### [Work order]
All lines below containing the string "social" are to be copied.
☆ ☆ ☆ ☆ ☆
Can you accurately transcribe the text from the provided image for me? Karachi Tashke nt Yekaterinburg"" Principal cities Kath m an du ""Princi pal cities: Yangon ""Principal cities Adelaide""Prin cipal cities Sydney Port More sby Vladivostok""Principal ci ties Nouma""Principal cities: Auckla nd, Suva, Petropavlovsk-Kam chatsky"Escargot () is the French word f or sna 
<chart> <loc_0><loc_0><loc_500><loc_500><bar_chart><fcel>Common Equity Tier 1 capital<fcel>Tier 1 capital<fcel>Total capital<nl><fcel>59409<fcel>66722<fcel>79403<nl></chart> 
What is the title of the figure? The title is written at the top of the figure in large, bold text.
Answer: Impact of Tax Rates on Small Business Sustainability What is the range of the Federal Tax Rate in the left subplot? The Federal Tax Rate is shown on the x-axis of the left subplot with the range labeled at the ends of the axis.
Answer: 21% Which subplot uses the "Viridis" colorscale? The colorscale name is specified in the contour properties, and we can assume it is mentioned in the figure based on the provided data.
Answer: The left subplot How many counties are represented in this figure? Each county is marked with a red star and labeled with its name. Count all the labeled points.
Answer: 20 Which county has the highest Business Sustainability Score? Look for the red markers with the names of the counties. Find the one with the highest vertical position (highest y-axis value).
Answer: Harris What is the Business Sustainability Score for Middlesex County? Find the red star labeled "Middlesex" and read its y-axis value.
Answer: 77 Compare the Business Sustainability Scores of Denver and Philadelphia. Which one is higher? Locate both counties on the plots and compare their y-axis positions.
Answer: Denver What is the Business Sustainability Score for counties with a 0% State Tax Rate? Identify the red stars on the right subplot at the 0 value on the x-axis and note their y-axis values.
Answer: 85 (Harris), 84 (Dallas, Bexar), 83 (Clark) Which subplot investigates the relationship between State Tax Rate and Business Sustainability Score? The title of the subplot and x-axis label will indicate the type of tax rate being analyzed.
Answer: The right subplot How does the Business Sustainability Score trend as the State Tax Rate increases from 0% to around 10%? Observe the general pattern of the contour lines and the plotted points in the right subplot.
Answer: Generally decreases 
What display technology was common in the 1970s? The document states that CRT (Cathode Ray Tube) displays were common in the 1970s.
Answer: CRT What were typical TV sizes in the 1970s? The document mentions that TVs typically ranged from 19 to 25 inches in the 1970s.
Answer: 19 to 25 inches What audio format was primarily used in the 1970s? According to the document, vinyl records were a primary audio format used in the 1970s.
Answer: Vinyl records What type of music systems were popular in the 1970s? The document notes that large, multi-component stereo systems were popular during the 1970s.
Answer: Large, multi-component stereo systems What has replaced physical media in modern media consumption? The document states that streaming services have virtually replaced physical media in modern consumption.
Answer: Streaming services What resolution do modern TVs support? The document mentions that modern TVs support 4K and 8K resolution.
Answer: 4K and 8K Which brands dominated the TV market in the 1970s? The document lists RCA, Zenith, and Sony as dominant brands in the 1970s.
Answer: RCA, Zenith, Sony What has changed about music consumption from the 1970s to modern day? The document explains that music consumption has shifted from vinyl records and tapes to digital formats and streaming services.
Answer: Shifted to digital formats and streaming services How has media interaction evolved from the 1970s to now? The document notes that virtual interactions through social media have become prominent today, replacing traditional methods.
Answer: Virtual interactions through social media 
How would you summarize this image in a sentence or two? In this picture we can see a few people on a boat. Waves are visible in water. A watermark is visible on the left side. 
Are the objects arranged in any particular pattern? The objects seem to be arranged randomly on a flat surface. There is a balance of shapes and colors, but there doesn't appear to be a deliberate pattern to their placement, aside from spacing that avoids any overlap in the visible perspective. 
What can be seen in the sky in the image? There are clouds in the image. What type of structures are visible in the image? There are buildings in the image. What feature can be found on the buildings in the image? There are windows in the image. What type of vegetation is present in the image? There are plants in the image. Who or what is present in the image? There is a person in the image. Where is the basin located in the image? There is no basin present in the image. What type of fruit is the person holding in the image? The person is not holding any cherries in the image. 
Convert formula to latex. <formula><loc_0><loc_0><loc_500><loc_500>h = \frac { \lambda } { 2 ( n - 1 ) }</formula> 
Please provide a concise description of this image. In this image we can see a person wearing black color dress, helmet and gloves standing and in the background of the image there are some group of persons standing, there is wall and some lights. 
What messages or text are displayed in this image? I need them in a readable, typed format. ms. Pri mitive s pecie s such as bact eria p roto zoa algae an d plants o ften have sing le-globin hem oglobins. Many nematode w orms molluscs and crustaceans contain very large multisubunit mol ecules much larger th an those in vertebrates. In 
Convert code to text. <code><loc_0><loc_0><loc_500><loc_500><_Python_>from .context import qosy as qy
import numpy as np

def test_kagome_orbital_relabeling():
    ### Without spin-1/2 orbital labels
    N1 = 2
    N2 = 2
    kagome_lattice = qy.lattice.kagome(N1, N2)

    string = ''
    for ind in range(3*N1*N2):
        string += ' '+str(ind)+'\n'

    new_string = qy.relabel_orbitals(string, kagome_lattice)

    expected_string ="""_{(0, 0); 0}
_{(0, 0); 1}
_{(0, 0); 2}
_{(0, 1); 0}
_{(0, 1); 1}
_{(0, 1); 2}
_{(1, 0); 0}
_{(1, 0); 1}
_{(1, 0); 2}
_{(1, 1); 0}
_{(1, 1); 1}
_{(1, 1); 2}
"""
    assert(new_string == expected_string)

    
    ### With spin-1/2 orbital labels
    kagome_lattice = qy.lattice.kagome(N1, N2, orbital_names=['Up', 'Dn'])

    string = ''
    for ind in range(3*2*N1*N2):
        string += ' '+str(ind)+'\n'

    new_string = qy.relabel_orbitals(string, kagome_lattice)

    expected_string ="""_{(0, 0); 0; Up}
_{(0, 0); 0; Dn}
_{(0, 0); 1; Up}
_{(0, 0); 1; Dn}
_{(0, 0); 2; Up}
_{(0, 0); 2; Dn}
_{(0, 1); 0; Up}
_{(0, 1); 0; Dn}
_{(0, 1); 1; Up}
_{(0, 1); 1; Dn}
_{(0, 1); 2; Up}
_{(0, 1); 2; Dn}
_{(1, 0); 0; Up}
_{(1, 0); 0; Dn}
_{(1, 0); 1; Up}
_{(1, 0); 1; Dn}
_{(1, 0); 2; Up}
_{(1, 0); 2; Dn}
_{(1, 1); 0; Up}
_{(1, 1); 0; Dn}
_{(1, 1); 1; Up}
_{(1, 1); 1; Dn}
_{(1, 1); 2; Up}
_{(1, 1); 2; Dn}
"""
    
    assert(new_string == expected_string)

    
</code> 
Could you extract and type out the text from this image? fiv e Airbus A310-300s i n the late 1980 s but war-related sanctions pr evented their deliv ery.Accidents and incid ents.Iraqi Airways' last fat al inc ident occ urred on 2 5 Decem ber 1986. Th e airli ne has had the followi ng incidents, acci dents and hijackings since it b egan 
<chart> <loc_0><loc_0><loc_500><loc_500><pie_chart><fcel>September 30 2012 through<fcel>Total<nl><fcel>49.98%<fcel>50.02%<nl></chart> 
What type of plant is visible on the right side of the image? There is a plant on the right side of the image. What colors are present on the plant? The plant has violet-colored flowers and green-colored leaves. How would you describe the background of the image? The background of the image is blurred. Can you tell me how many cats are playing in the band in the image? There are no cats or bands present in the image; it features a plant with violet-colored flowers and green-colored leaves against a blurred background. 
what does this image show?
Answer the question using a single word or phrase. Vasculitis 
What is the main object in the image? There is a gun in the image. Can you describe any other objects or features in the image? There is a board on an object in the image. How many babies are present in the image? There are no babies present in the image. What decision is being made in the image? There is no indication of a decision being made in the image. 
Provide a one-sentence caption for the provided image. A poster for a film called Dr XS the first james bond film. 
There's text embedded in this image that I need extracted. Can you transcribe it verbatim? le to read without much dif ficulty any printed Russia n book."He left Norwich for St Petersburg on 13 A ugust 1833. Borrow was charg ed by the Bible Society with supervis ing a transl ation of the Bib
☆ ☆ ☆ ☆ ☆
### [Result for this task]
Answer: Shifted to digital formats and streaming services How has media interaction evolved from the 1970s to now? The document notes that virtual interactions through social media have become prominent today, replacing traditional methods.
Answer: Virtual interactions through social media 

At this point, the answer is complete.